→ **EXERCISE DIRECTIONS**: Repeat verbatim, and only, the lines of the data below, beginning at the line that contains "#2 rack shelf (869,0,1074,236)" and stopping after the line that contains "What 3D box encloses the person <box>932,661,937,678</box>?".

*** Opening MATERIAL FOR THIS EXERCISE ***

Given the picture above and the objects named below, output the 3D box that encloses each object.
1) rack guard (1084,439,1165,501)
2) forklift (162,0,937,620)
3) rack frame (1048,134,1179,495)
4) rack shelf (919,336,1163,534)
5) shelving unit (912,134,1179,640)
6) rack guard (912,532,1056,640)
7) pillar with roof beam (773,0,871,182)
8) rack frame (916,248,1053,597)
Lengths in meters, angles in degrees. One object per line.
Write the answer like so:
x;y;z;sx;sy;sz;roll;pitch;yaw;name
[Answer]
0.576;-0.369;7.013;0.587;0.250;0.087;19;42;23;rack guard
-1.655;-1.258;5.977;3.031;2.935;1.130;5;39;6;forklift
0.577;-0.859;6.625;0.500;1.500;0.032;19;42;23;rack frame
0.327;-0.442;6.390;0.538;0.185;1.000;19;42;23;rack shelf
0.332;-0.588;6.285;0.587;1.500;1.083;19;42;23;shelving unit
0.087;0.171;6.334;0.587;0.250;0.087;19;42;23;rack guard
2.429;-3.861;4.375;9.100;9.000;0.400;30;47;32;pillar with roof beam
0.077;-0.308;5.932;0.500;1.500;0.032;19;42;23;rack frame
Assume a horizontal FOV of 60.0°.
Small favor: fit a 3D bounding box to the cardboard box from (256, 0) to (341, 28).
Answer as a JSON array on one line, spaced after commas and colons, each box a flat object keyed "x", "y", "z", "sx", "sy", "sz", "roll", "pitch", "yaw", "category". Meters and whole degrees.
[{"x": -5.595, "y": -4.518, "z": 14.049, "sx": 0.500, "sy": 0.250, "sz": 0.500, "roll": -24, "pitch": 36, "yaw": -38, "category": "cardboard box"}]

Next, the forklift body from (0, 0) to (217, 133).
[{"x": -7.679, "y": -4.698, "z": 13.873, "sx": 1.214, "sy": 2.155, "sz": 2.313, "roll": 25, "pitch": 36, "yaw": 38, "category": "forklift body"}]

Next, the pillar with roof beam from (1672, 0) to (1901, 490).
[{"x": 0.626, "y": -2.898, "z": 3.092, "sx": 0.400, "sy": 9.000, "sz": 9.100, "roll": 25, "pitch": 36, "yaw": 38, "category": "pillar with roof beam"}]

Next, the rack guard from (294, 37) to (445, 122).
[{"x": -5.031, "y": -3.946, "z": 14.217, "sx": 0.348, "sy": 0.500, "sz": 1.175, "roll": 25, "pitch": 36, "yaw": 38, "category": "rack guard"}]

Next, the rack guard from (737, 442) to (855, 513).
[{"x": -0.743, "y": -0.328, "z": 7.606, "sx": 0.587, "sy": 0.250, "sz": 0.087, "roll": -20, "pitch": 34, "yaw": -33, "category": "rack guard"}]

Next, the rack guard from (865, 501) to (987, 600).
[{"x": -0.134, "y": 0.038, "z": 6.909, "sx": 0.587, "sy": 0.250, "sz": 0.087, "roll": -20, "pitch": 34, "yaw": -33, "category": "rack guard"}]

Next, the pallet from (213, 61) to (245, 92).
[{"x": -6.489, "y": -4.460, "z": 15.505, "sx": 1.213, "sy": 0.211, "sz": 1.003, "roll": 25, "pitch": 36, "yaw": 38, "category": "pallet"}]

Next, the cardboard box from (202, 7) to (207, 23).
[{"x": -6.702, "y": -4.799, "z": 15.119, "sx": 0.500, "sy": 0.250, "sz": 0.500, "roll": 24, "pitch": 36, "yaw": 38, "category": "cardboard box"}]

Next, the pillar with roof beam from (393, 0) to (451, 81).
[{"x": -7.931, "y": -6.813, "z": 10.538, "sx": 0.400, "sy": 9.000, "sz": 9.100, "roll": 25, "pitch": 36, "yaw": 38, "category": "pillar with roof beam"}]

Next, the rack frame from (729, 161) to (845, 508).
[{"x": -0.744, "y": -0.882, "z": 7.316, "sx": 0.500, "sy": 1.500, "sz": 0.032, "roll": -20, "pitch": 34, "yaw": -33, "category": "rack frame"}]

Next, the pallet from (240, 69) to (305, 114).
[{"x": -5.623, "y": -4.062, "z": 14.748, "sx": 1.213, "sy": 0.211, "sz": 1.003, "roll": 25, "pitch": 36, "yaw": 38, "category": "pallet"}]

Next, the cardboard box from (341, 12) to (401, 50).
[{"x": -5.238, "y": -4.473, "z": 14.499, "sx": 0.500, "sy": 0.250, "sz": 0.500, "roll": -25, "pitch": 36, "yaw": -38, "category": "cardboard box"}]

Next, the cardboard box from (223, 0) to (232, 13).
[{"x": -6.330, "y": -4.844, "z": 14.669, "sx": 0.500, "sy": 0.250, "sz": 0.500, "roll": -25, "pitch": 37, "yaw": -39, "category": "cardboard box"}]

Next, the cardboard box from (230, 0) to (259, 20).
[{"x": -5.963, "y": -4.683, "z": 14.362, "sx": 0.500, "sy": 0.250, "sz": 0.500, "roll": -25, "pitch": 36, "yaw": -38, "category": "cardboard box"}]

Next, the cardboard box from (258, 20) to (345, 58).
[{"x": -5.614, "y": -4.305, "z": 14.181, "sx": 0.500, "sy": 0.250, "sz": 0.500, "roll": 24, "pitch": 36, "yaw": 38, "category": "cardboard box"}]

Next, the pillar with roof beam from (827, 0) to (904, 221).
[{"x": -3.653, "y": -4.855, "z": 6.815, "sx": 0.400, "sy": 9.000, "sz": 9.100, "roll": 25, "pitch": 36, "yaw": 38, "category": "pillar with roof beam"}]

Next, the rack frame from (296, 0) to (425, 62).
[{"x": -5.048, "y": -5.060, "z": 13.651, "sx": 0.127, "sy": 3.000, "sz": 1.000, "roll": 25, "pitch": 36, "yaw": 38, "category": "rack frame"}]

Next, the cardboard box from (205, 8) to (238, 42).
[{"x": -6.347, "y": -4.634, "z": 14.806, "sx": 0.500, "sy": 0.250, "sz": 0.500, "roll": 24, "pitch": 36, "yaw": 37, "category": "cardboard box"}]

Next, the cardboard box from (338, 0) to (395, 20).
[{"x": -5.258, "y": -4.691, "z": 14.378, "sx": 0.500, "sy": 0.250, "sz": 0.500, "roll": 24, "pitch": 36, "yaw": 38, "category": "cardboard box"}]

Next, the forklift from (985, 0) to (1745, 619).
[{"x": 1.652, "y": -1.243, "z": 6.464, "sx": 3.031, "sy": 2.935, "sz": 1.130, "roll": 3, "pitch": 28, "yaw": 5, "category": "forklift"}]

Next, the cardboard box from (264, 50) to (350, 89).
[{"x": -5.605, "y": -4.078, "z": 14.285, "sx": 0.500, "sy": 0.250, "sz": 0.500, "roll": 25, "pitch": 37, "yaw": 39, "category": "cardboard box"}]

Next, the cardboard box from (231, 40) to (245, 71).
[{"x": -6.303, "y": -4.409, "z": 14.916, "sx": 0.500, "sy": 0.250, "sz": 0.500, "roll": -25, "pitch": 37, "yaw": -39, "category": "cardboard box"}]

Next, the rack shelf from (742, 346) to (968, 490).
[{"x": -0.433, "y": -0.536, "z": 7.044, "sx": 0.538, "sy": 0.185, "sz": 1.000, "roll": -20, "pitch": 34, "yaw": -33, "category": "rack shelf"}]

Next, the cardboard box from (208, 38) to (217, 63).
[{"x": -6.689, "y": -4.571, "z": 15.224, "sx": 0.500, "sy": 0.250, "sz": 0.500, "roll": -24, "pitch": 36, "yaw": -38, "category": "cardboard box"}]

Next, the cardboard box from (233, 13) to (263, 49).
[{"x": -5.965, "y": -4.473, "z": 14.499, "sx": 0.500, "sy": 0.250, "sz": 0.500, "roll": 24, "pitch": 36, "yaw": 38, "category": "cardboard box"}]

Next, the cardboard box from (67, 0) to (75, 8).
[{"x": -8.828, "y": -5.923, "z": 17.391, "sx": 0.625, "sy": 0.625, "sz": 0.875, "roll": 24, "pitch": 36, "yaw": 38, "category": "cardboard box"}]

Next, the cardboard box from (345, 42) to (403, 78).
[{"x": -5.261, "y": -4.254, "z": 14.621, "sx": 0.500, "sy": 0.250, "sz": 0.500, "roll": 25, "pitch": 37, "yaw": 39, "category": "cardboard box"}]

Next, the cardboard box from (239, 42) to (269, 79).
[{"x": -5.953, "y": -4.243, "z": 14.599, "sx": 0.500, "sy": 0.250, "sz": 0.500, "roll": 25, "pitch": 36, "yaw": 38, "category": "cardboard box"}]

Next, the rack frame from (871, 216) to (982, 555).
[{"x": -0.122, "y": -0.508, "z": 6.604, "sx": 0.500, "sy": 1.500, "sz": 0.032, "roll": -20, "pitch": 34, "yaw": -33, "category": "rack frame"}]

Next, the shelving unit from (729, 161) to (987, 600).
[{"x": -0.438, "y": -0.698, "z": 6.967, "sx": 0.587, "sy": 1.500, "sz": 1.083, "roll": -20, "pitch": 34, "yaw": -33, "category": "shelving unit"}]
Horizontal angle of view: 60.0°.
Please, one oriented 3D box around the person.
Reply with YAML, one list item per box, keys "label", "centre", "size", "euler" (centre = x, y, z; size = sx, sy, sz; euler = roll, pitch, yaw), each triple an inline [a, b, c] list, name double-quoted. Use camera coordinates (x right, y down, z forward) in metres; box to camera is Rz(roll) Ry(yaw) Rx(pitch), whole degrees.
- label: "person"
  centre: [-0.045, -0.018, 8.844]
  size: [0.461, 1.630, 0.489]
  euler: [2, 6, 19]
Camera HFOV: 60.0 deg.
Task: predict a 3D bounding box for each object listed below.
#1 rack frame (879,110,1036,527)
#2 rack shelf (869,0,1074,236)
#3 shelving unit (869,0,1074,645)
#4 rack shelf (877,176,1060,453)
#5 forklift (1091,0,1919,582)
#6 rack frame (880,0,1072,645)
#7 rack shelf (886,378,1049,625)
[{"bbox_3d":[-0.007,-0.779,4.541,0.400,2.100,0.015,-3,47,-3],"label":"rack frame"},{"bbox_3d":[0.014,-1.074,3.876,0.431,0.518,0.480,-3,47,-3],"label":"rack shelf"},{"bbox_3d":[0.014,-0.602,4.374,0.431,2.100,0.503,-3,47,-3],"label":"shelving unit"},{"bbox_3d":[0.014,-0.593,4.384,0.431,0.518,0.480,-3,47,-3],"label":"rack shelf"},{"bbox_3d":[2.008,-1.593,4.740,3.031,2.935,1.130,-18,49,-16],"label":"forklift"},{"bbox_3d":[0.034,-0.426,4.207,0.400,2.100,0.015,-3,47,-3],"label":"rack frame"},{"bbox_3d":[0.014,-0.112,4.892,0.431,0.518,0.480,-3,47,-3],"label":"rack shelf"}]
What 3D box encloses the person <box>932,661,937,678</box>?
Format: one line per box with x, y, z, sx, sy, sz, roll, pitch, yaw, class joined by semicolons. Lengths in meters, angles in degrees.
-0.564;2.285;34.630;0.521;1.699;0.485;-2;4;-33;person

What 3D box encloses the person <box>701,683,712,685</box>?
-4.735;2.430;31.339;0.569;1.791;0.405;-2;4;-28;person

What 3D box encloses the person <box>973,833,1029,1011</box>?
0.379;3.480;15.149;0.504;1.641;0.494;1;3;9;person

*** Closing MATERIAL FOR THIS EXERCISE ***

→ **WRITTEN SOLUTION**:
#2 rack shelf (869,0,1074,236)
#3 shelving unit (869,0,1074,645)
#4 rack shelf (877,176,1060,453)
#5 forklift (1091,0,1919,582)
#6 rack frame (880,0,1072,645)
#7 rack shelf (886,378,1049,625)
[{"bbox_3d":[-0.007,-0.779,4.541,0.400,2.100,0.015,-3,47,-3],"label":"rack frame"},{"bbox_3d":[0.014,-1.074,3.876,0.431,0.518,0.480,-3,47,-3],"label":"rack shelf"},{"bbox_3d":[0.014,-0.602,4.374,0.431,2.100,0.503,-3,47,-3],"label":"shelving unit"},{"bbox_3d":[0.014,-0.593,4.384,0.431,0.518,0.480,-3,47,-3],"label":"rack shelf"},{"bbox_3d":[2.008,-1.593,4.740,3.031,2.935,1.130,-18,49,-16],"label":"forklift"},{"bbox_3d":[0.034,-0.426,4.207,0.400,2.100,0.015,-3,47,-3],"label":"rack frame"},{"bbox_3d":[0.014,-0.112,4.892,0.431,0.518,0.480,-3,47,-3],"label":"rack shelf"}]
What 3D box encloses the person <box>932,661,937,678</box>?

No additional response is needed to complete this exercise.